• PROBLEM DESCRIPTION: Two lines mark the range in the entries below: the one holding "Lengths in meters, angles" and the one holding "name at (x, y, z)". Set down those two and all lines between them, exactly.

(Dataset entries)
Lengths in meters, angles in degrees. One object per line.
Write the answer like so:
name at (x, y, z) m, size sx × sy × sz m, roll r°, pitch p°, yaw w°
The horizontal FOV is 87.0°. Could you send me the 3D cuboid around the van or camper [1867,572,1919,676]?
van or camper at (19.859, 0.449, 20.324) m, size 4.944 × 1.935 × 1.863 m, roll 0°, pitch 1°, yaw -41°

--

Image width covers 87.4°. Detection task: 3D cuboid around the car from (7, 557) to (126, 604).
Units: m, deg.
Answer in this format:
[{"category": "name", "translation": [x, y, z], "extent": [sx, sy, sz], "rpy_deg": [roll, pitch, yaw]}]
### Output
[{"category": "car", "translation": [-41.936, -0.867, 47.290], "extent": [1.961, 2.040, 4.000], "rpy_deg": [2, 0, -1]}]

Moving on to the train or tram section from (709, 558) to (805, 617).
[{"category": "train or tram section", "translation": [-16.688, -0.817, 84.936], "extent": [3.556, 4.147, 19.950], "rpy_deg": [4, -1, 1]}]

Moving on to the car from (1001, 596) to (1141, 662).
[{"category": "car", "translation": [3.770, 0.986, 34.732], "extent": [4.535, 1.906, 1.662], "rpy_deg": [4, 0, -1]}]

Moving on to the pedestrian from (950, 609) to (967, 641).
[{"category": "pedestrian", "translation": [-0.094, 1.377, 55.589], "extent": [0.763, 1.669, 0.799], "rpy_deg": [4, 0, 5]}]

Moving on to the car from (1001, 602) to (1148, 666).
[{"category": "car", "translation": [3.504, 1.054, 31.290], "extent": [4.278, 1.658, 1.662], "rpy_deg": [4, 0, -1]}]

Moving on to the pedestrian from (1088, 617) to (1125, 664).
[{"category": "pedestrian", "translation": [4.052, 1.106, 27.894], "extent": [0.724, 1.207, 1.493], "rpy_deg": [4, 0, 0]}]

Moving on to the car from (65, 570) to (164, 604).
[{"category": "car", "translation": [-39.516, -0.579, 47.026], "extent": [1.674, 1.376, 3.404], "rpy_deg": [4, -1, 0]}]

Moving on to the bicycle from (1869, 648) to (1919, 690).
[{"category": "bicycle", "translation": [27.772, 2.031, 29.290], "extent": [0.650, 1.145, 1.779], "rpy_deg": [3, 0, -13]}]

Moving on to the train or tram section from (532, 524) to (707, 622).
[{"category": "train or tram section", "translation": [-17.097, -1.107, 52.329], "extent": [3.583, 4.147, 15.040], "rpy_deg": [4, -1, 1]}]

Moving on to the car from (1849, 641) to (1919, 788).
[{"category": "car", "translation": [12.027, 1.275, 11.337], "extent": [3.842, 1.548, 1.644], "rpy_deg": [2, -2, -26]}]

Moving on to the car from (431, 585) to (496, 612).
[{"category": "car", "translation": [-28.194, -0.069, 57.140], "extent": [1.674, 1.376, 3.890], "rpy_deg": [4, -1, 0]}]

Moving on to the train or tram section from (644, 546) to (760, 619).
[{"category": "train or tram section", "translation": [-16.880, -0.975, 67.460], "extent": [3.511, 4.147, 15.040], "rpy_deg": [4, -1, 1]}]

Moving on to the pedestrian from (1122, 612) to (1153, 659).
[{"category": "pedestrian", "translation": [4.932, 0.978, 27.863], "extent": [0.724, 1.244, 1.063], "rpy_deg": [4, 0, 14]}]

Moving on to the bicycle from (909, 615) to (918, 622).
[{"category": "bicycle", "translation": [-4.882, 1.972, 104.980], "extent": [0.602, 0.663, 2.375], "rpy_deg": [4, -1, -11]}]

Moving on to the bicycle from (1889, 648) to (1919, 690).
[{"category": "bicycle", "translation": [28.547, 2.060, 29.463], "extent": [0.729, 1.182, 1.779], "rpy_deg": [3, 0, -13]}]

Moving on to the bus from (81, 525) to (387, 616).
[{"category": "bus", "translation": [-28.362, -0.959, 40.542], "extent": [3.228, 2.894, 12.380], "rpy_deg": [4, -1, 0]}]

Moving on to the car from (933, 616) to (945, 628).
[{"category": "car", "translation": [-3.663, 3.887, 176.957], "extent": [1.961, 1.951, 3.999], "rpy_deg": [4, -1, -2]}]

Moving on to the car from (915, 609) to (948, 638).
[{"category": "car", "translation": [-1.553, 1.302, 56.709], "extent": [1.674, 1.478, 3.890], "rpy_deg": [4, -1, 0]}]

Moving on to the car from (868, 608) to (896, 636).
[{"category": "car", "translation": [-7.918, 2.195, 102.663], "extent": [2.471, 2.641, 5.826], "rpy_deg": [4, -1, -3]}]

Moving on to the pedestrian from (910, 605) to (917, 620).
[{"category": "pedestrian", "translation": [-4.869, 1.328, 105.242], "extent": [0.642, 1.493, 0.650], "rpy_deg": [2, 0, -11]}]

• SOLUTION TO THE PROBLEM:
Lengths in meters, angles in degrees. One object per line.
Write the answer like so:
name at (x, y, z) m, size sx × sy × sz m, roll r°, pitch p°, yaw w°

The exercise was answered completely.